Нет, Чацкий, но нашему мнению, из всех наиболее живая личность, и как человек и как исполнитель указанной ему Грибоедовым роли. Но повторяем, натура его сильнее и глубже прочих лиц, и потому не могла быть исчерпана в комедии.
-------------------------------------
Наконец позволим себе высказать несколько замечаний об исполнении комедии на сцене в недавнее время, а именно в бенефис Монахова, и о том, чего бы мог зритель пожелать от исполнителей.
Если читатель согласится, что в комедии, как мы сказали, движение горячо и непрерывно поддерживается от начала до конца, то из этого само собою должно следовать, что пьеса в высшей степени сценична. Она такова и есть. Две комедии как будто вложены одна в другую: одна, так сказать, частная, мелкая, домашняя, между Чацким, Софьей, Молчалиным и Лизой: это интрига любви, вседневный мотив всех комедий. Когда первая прерывается, в промежутке является неожиданно другая, и действие завязывается снова, частная комедия разыгрывается в общую битву и связывается в один узел.
Артисты, вдумывающиеся в общий смысл и ход пьесы и каждый в свою роль, найдут широкое поле для действия. Труда к одолению всякой, даже незначительной роли, немало, — тем более, чем добросовестнее и тоньше будет относиться к искусству артист.
Некоторые критики возлагают на обязанность артистов исполнять и историческую верность лиц, с колоритом времени во всех деталях, даже до костюмов, то есть до фасона платьев, причесок включительно.
Это трудно, если не совсем невозможно. Как исторические типы, эти лица, как сказано выше, еще бледны, а живых оригиналов теперь не найдешь: штудировать не с чего. Точно так же и с костюмами. Старомодные фраки, с очень высокой, или очень низкой талией, женские платья с высоким лифом, высокие прически, старые чепцы — во всем этом действующие лица покажутся беглецами с толкучего рынка.
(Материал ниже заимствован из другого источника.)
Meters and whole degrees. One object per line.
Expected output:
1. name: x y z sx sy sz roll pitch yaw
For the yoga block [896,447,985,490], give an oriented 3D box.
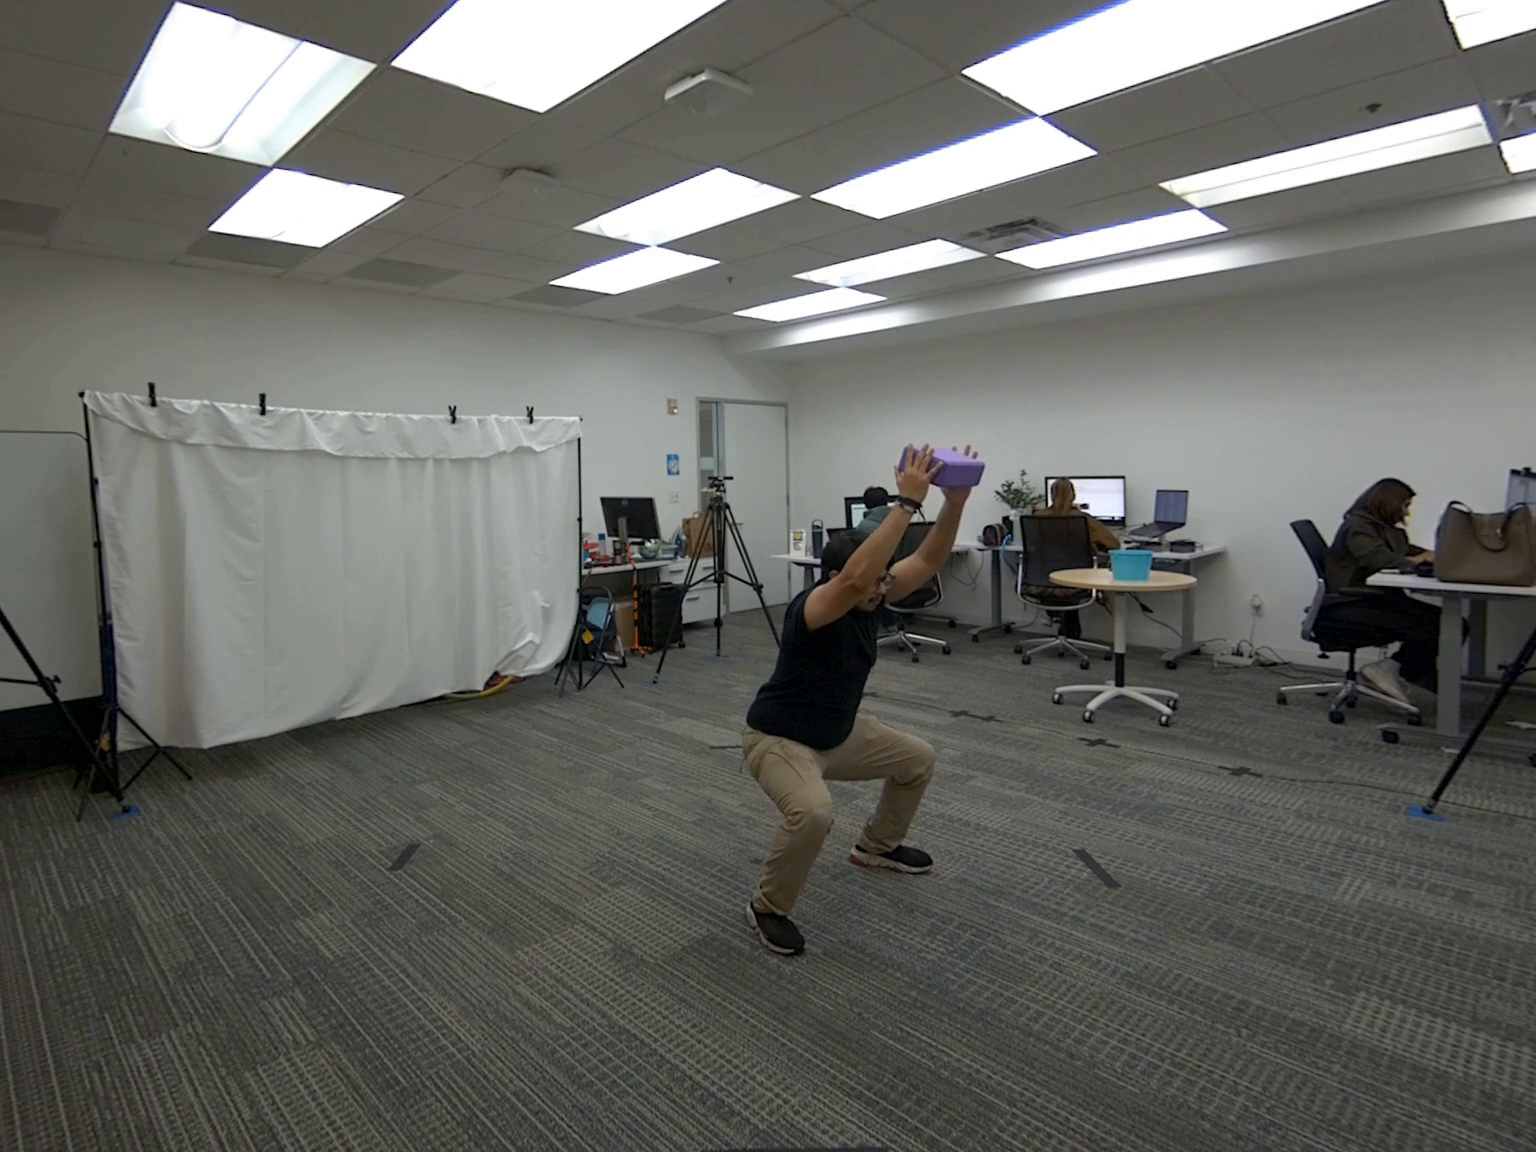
1. yoga block: 0.507 -0.316 2.436 0.223 0.075 0.155 -5 30 -45
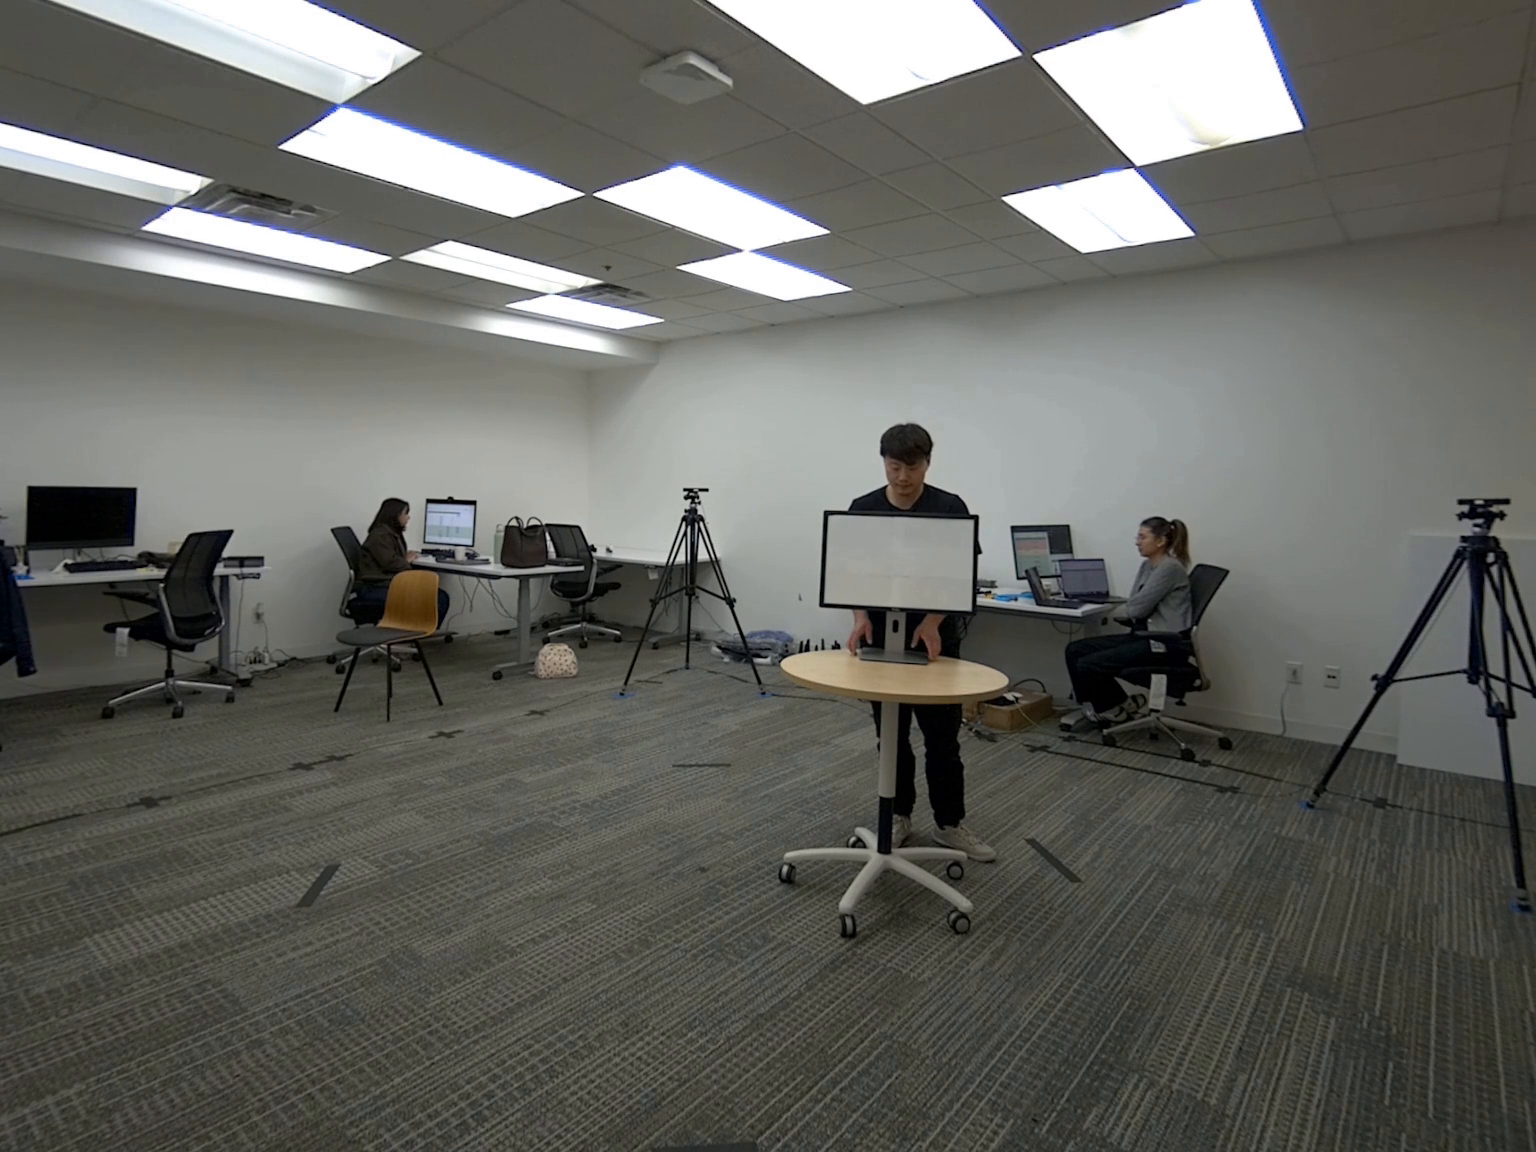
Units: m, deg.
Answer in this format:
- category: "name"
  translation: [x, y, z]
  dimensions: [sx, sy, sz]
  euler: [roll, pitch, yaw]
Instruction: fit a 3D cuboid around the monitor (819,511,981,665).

Другое дело, костюмы прошлого столетия, совершенно отжившие: камзолы, роброны, мушки, пудра и пр.
Но при исполнении «Горя от ума» дело не в костюмах.
Мы повторяем, что в игре вообще нельзя претендовать на историческую верность, так как живой след почти пропал, а историческая даль еще близка. Поэтому необходимо артисту прибегать к творчеству, к созданию идеалов, по степени своего понимания эпохи и произведения Грибоедова.
Это первое, то есть главное сценическое условие.
Второе — это язык, то есть такое же художественное исполнение языка, как и исполнение действия: без этого второго, конечно, невозможно и первое.
В таких высоких литературных произведениях, как «Горе от ума», как «Борис Годунов» Пушкина и некоторых других, исполнение должно быть не только сценическое, но наиболее литературное, как исполнение отличным оркестром образцовой музыки, где безошибочно должна быть сыграна каждая музыкальная фраза и в ней каждая нота. Актер, как музыкант, обязан доиграться, то есть додуматься до того звука голоса и до той интонации, какими должен быть произнесен каждый стих: это значит додуматься до тонкого критического понимания всей поэзии пушкинского и грибоедовского языка. У Пушкина, например, в «Борисе Годунове», где нет почти действия, или по крайней мере единства, где действие распадается на отдельные, не связанные друг с другом сцены, иное исполнение, как строго и художественно-литературное, и невозможно. В ней всякое прочее действие, всякая сценичность, мимика должны служить только легкой приправой литературного исполнения, действия в слове.